La diversité européenne en matière de transport

Source : Eurobaromètre no 513, avril 2021 pour la proportion de personnes qui optent pour des transports doux, et Eurostat, 2020, pour le nombre de voitures individuelles pour 1 000 habitants.
Les Français se montrent particulièrement réticents à différentes pistes de
politiques publiques liées à la voiture : seuls 41 % seraient favorables à l’interdiction
de voitures neuves à essence ou diesel d’ici à quinze ans, contre 57 % en moyenne pour les
trente pays interrogés dans le cadre de l’Obs’COP ; seuls 39 % des Français seraient
favorables à une limitation de l’accès des centres-villes aux voitures électriques ou
hybrides, contre 54 % en moyenne, 28 % à la mise en place de péages urbains (contre 47 %).
Abandonner ou moins utiliser sa voiture pour recourir à des modes de transport plus doux semble, en France,
considéré comme un changement trop radical de société.
Une des clés de cette représentation repose probablement sur la nécessité
d’améliorer le maillage des infrastructures de transports. 41 % des Français indiquent en effet
qu’ils n’ont pas de solution de remplacement de leur mode actuel de transport, la proportion n’est
que de 34 % en moyenne en Europe. Seuls 50 % des Français considèrent que les services de transport
public sont suffisants pour permettre de se rendre là où ils ont besoin d’aller (contre 55 % en
moyenne, 65 % aux Pays-Bas ou 70 % en Suède).
Reste que la voiture constitue, particulièrement en France, une forme d’espace protecteur et privatif.
Les Français déclarent à 28 % avoir choisi ce mode de transport avant tout car il offrait une
forme d’intimité, contre une moyenne européenne de 16 %.
- Voir le rapport de Charlotte Millot et Jörg Müller, Sensibilité à l’environnement, action publique et fiscalité environnementale : l’opinion des Français en 2022, ADEME, CREDOC, 2022. www.credoc.fr/download/pdf/Sou/Sou2022-4856.pdf.
- Voir le rapport Eurobaromètre spécial no 527, Les perceptions de l’équité de la transition écologique, Commission européenne, 2022. https://europa.eu/eurobarometer/surveys/detail/2672.
- Voir les données et les analyses de l’Observatoire international climat et opinions publiques (Obs’COP), mis en place par EDF : www.edf.fr/groupe-edf/observatoire-internationalclimat-et-opinions-publiques/enseignements.
- Selon le ministère de la Transition écologique et de la Cohésion des territoires, l’empreinte carbone d’un Français se décompose, en 2017, de la façon suivante : 30 % pour le transport des ménages (2,8 téqCO2/hab), 23 % pour leur habitat (2,2 téqCO2/hab), 22 % pour leur alimentation (2,1 téqCO2/hab), 10 % pour l’achat de biens d’équipements (0,9 téqCO2/hab) et 16 % pour les services marchands et non marchands utilisés par les ménages (1,5 téqCO2/hab).

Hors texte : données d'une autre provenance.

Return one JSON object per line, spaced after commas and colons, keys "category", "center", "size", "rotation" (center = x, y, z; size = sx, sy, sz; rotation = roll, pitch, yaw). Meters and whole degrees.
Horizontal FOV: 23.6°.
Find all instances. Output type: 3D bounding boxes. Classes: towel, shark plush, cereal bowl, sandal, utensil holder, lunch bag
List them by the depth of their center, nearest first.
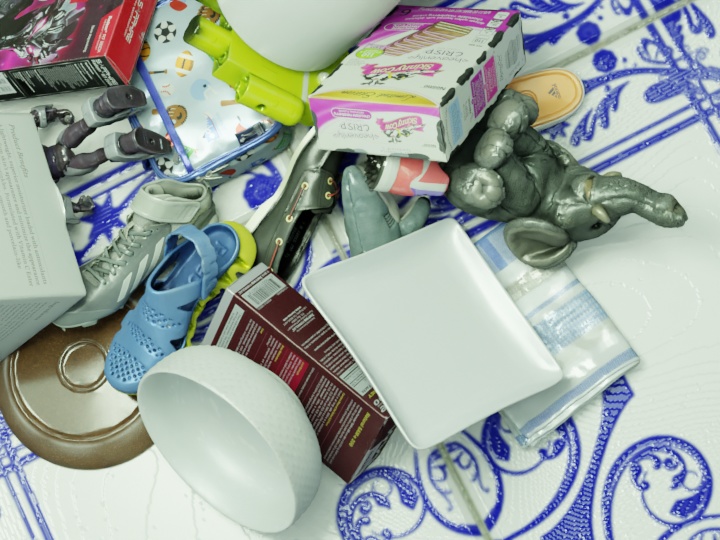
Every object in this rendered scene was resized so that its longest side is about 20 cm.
{"category": "cereal bowl", "center": [-0.112, 0.147, 1.620], "size": [0.200, 0.200, 0.083], "rotation": [38, 57, 12]}
{"category": "utensil holder", "center": [-0.025, -0.307, 1.641], "size": [0.170, 0.200, 0.170], "rotation": [22, 49, -27]}
{"category": "sandal", "center": [-0.186, 0.028, 1.656], "size": [0.079, 0.087, 0.200], "rotation": [31, 87, 24]}
{"category": "shark plush", "center": [0.000, 0.000, 1.688], "size": [0.091, 0.083, 0.200], "rotation": [11, 91, 25]}
{"category": "towel", "center": [0.161, 0.056, 1.690], "size": [0.147, 0.024, 0.200], "rotation": [-36, 76, -4]}
{"category": "sandal", "center": [0.124, -0.161, 1.723], "size": [0.207, 0.059, 0.079], "rotation": [-23, 76, 1]}
{"category": "lunch bag", "center": [-0.169, -0.179, 1.749], "size": [0.160, 0.076, 0.200], "rotation": [-26, 75, 2]}

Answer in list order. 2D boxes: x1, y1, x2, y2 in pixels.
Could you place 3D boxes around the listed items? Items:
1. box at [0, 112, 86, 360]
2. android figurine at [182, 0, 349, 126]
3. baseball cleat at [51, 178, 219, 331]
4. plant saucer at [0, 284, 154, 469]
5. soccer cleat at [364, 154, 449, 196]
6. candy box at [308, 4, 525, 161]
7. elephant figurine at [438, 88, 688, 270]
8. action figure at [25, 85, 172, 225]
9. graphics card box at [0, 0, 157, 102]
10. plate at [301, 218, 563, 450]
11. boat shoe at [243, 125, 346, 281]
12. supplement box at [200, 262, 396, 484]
{"category": "box", "center": [-0.388, -0.023, 1.654], "size": [0.200, 0.131, 0.199], "rotation": [-34, 68, 41]}
{"category": "android figurine", "center": [-0.080, -0.219, 1.711], "size": [0.200, 0.041, 0.182], "rotation": [26, 47, -24]}
{"category": "baseball cleat", "center": [-0.229, -0.026, 1.684], "size": [0.200, 0.106, 0.070], "rotation": [-36, 54, -26]}
{"category": "plant saucer", "center": [-0.272, 0.097, 1.717], "size": [0.200, 0.034, 0.200], "rotation": [-1, 78, 4]}
{"category": "soccer cleat", "center": [0.042, -0.130, 1.683], "size": [0.073, 0.200, 0.068], "rotation": [15, 119, -11]}
{"category": "candy box", "center": [0.057, -0.181, 1.624], "size": [0.136, 0.061, 0.200], "rotation": [7, 37, 26]}
{"category": "elephant figurine", "center": [0.183, -0.069, 1.659], "size": [0.200, 0.155, 0.142], "rotation": [31, 101, -17]}
{"category": "action figure", "center": [-0.290, -0.115, 1.727], "size": [0.200, 0.069, 0.130], "rotation": [-20, 86, 32]}
{"category": "graphics card box", "center": [-0.311, -0.236, 1.737], "size": [0.200, 0.051, 0.126], "rotation": [-4, 54, 26]}
{"category": "plate", "center": [0.066, 0.061, 1.631], "size": [0.200, 0.032, 0.200], "rotation": [-22, 69, -36]}
{"category": "boat shoe", "center": [-0.048, -0.078, 1.702], "size": [0.063, 0.074, 0.201], "rotation": [36, 99, 17]}
{"category": "supplement box", "center": [-0.053, 0.098, 1.653], "size": [0.200, 0.109, 0.061], "rotation": [40, 44, 12]}
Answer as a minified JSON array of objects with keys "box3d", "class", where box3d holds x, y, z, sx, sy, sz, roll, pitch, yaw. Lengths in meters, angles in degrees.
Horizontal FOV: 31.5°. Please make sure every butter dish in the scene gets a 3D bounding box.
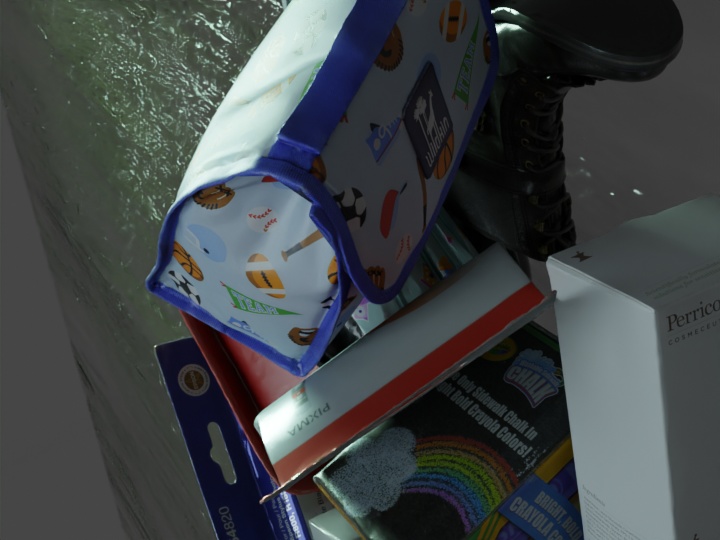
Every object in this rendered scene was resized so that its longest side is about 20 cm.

Voir le document de travail no 59, La décomposition de l’empreinte carbone de la demande finale de la France par postes de consommation : transport, alimentation, habitat, équipements et services, publié par le ministère en juillet 2022. www.statistiques.developpement-durable.gouv.fr/sites/default/files/2022-07/document_travail_59_decomposition_empreinte_carbone_juillet2022.pdf.